I'm a 22-year-old man. I have a co-worker (Jessica) who is 20 years old. We have known each other for just under two years. Jessica and I aren't on great terms. We work together between two and five days a week, but it has been a pretty bad relationship.

The short of it is that early on when she started working at the restaurant, I asked her out a couple of times and she declined. I figured that was the end of it and was respectful/distant because that's what she seemed to want. One night, right after I turned 21, she approached me and asked if I could buy her alcohol (with her money). She was 19 and I figured it was fine.

After that point, any time she talked to me or made any attempt to communicate with me outside of work hours, it was for that exclusive purpose. After work? "Hey, can you get me a 40?" Before work? "Hey, can you buy me some wine after we finish up?"

After this continued for some time I started ignoring her, and she would get more persistent. Finally I told her that we weren't friends and she should find someone else to help her get drunk.

She retaliated by boasting about rejecting me for a date to other people in the restaurant. She also talked about how I was apparently obsessed with her. I kept my head down and did my work quietly, but on days she was at the restaurant and I wasn't, she pushed her shit talking into high gear.

One night, her parents were dining at the restaurant. When I was bussing their table when Jessica was with another customer, her mother pointed at my name tag and gave her father a pretty pointed look. I politely asked if something was wrong, and her mother said "We heard about you from Jessica" really harshly.

I told her I didn't know what that means, and she responded that she wants me to keep my distance from her daughter. I straight-up told her that the last five times Jessica and I talked, it was her approaching me to buy her alcohol and nothing else.

Her mother looked surprised and the next day when Jessica came in to work she absolutely screamed at me for telling her mother about her drinking. Apparently she's from a really strict family (her parents mark the alcohol bottles). She is furious about what I told her mother, and I lamely apologized but I'm not even sure.

I just don't know. I'm not great with this sort of thing. Should I have just kept my mouth shut and taken it?

Edit: I asked her out twice:

(1) I asked her if she wanted to have dinner after work. She gave me a half answer ("maybe another night!") and I didn't get the hint.

(2) I asked her again a month later. She said "no thanks, I think we should just be co-workers." I stopped there.

Do you think he did anything wrong? This is what top commenters had to say:

JemimaAslana said:

NTA. She sounds like the vindictive sort, and if she didn't want her parents to interact with you, she probably shouldn't have incited them to be angry with you. Or she shouldn't have let her secret drinking be known to someone she was secretly badmouthing. Probably for the best she didn't want to go out with you.

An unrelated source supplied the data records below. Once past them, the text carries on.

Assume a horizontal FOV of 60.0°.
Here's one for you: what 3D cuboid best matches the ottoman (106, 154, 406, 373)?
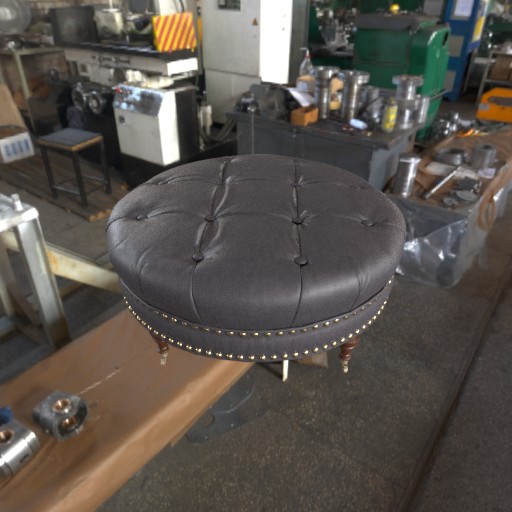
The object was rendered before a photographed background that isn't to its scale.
[{"bbox_3d":[0.000,0.000,1.424,0.901,0.439,0.901,0,32,0],"label":"ottoman"}]
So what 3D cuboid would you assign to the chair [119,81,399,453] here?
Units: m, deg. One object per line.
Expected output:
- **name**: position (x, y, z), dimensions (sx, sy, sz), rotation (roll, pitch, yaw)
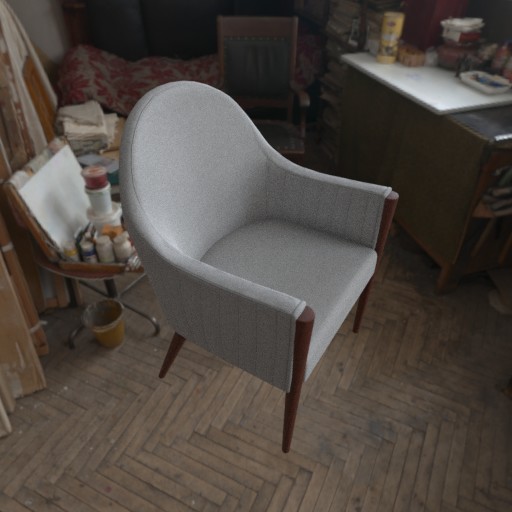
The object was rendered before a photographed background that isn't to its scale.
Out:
- **chair**: position (0.000, 0.000, 1.318), dimensions (0.620, 0.889, 0.610), rotation (22, 45, 24)
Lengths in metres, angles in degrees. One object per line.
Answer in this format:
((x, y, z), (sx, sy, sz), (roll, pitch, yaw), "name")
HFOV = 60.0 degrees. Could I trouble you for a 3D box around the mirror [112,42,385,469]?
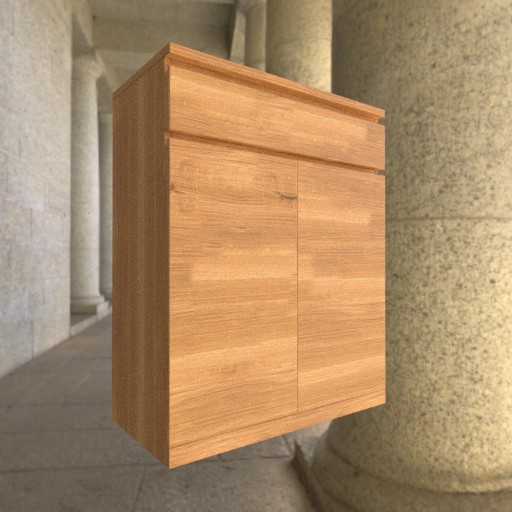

Sounds like you dodged a bullet.

PenAmbitious3784 said:

NTA. The dating based on your edit… normal. She was clearly using you because she knew you wanted to take her out and than talked shit about you behind your back? Also America should get on with the program and let yous people start drink from 18 it’s not like it’s stopping any of you 😅

Fair-Medicine-6874 said:

NTA. No you should not have kept your mouth shut when a woman insinuated that you'd done something to her daughter worthy of being told to stay away from her. You told the truth in your own defense. Co-worker made her own bed and now has to lie in it. (Badumtss)

BlackVixen said:

NTA - if by definition of asking her out a couple of times you actually mean only two and in a non aggressive manner. I don’t see it as assault or stalking to ask someone out. If someone at work asks me out on a date or to dinner a couple of times, I would feel awkward, but wouldn’t classify it as assault or stalking unless it was done in a way that made me uncomfortable (begging, getting too close, etc).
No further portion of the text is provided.